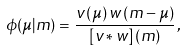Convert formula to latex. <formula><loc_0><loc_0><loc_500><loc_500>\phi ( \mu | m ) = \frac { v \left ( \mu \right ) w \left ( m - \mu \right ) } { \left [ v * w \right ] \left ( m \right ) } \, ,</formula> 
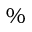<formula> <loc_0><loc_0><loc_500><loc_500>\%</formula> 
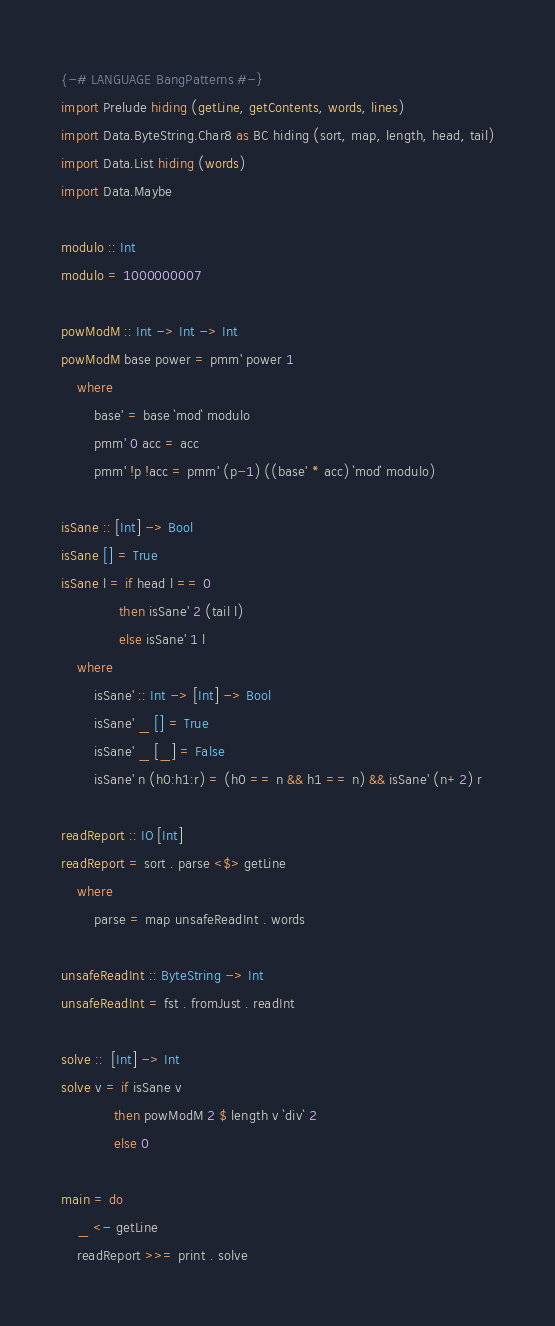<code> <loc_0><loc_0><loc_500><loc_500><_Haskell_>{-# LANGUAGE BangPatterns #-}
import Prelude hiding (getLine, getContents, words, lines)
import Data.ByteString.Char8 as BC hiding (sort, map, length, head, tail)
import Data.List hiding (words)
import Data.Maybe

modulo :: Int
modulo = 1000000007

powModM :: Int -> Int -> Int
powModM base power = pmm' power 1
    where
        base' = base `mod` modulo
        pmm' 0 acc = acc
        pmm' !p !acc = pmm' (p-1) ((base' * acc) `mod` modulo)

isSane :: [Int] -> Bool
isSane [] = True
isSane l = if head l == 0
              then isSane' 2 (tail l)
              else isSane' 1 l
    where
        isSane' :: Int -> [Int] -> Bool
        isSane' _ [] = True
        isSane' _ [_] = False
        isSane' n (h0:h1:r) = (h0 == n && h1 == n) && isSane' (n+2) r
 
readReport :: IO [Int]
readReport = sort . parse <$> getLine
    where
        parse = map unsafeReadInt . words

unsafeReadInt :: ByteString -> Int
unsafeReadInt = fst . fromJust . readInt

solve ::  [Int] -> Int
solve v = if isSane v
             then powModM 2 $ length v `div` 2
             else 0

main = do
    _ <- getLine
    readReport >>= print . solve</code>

...

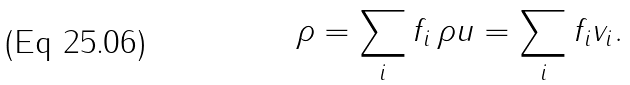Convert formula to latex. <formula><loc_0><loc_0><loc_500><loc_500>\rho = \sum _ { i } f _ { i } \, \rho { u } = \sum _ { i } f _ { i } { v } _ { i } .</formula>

PROMPT:
Beginning with the line holding "unsafeReadInt :: ByteString -> Int" and ending with the line holding "readReport >>= print . solve</code>", write out the stretch of material above exactly; add no further lines.

RESPONSE TO THIS EXERCISE:
unsafeReadInt :: ByteString -> Int
unsafeReadInt = fst . fromJust . readInt

solve ::  [Int] -> Int
solve v = if isSane v
             then powModM 2 $ length v `div` 2
             else 0

main = do
    _ <- getLine
    readReport >>= print . solve</code>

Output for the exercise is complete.